[[ Source data, beginning ]]

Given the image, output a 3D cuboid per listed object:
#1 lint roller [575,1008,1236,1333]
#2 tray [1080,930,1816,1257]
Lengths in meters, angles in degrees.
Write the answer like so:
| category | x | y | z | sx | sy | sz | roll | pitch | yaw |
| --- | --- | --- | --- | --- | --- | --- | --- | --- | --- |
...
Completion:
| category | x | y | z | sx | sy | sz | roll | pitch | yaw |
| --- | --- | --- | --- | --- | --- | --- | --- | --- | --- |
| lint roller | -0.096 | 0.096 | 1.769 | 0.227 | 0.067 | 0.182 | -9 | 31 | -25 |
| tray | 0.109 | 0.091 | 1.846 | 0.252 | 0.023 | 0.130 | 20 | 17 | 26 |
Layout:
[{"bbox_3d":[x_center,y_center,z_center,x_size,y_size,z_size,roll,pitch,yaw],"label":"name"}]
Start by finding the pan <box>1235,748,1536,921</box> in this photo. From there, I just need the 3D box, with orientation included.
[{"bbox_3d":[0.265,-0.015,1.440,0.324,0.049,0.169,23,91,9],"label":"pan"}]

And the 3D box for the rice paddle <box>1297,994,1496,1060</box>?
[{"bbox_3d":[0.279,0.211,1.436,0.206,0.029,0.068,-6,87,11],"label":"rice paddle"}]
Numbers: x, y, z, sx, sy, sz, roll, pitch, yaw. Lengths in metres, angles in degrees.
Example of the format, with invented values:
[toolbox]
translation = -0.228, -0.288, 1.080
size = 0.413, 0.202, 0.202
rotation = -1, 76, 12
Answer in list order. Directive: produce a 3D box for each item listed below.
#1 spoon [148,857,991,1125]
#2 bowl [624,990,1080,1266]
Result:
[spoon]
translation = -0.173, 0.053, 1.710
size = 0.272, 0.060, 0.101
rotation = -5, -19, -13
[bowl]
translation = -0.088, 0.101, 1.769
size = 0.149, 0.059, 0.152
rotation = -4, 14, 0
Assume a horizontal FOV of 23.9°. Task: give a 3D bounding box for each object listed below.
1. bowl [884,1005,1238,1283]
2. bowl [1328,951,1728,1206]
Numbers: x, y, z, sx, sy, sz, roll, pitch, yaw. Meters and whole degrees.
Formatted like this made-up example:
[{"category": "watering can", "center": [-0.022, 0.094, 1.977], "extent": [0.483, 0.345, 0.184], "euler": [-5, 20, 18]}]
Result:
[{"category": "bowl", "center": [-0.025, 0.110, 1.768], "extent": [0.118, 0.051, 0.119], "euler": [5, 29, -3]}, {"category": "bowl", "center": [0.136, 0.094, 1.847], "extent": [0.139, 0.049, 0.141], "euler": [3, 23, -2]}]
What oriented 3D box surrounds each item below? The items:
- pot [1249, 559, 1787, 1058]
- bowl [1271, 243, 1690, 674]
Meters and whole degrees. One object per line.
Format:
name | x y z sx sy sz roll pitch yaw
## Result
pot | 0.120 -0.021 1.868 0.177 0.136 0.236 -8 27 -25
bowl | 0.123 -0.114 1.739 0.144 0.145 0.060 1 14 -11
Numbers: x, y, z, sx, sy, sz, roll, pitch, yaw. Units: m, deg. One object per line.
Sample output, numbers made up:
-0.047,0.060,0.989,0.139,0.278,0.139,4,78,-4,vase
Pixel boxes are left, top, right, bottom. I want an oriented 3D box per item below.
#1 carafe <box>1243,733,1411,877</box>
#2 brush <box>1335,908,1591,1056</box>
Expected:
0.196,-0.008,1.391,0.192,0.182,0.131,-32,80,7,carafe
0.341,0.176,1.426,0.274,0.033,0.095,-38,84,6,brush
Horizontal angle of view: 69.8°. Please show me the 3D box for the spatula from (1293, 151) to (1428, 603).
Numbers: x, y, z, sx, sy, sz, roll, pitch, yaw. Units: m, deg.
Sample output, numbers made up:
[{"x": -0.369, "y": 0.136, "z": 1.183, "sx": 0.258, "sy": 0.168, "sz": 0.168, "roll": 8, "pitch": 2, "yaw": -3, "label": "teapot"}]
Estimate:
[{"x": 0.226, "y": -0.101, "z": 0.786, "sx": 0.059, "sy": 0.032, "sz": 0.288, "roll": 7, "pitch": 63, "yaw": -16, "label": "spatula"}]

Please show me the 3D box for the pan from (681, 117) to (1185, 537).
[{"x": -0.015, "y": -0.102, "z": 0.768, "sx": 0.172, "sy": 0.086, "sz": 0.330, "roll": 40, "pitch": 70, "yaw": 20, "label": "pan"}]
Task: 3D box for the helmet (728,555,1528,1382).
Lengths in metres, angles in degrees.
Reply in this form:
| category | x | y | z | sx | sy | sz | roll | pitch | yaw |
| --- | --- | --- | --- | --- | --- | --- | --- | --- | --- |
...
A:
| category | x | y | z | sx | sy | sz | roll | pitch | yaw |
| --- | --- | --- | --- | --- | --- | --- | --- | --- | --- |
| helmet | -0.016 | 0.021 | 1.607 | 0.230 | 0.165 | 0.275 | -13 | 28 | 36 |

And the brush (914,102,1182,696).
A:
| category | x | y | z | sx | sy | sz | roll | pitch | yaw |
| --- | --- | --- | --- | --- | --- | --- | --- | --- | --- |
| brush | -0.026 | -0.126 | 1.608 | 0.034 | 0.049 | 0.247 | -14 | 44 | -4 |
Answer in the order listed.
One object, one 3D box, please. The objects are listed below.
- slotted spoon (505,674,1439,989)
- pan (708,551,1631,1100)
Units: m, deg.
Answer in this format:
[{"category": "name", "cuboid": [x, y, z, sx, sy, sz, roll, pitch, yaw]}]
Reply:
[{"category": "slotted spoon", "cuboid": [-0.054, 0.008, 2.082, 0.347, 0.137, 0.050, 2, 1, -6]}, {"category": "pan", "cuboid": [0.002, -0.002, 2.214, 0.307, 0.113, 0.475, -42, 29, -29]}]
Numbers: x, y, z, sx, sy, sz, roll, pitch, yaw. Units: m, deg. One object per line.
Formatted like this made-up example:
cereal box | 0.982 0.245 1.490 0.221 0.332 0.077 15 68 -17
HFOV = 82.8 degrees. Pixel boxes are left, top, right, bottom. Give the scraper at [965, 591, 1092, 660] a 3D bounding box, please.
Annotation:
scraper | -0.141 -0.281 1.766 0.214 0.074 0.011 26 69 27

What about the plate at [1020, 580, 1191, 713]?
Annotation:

[[ Source data, end ]]

Locate the word "whole" in the records above, and return each line that has it.

(Answer box)
Numbers: x, y, z, sx, sy, sz, roll, pitch, yaw. Meters and whole degrees.
Meters and whole degrees. One object per line.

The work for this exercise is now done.